▶ TO DO:
Say how many lines of the listing below include "pitch". Write only that number.

▶ AVAILABLE DATA:
*** Begin section ***

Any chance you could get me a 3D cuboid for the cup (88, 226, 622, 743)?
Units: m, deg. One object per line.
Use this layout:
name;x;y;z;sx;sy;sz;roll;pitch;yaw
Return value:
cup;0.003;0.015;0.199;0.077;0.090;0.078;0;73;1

*** End section ***
*** Begin section ***

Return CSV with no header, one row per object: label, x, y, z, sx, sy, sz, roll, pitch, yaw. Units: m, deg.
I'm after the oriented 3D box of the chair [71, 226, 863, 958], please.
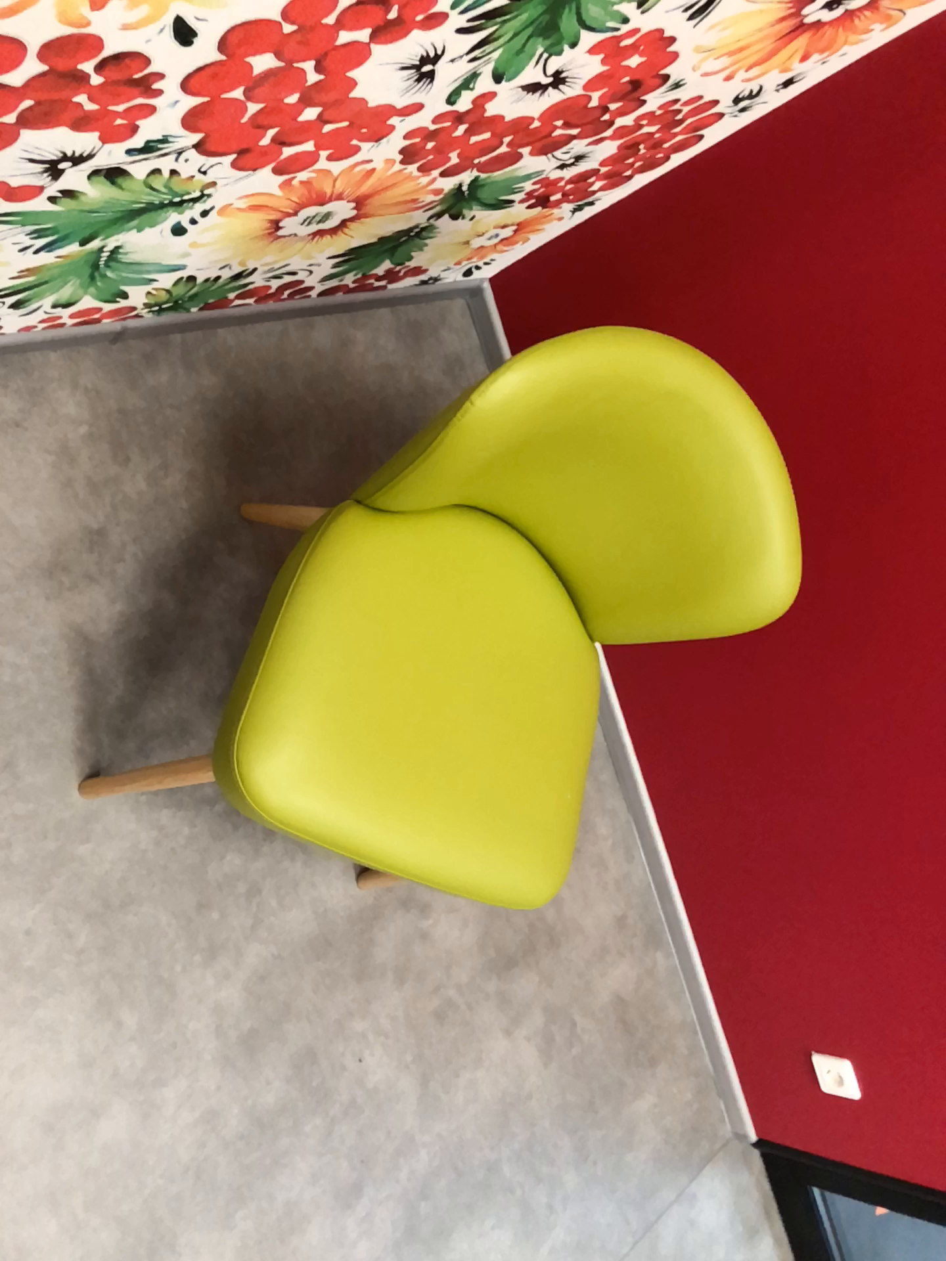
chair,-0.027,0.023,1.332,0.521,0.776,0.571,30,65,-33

*** End section ***

▶ THE COMPLETED TASK:
2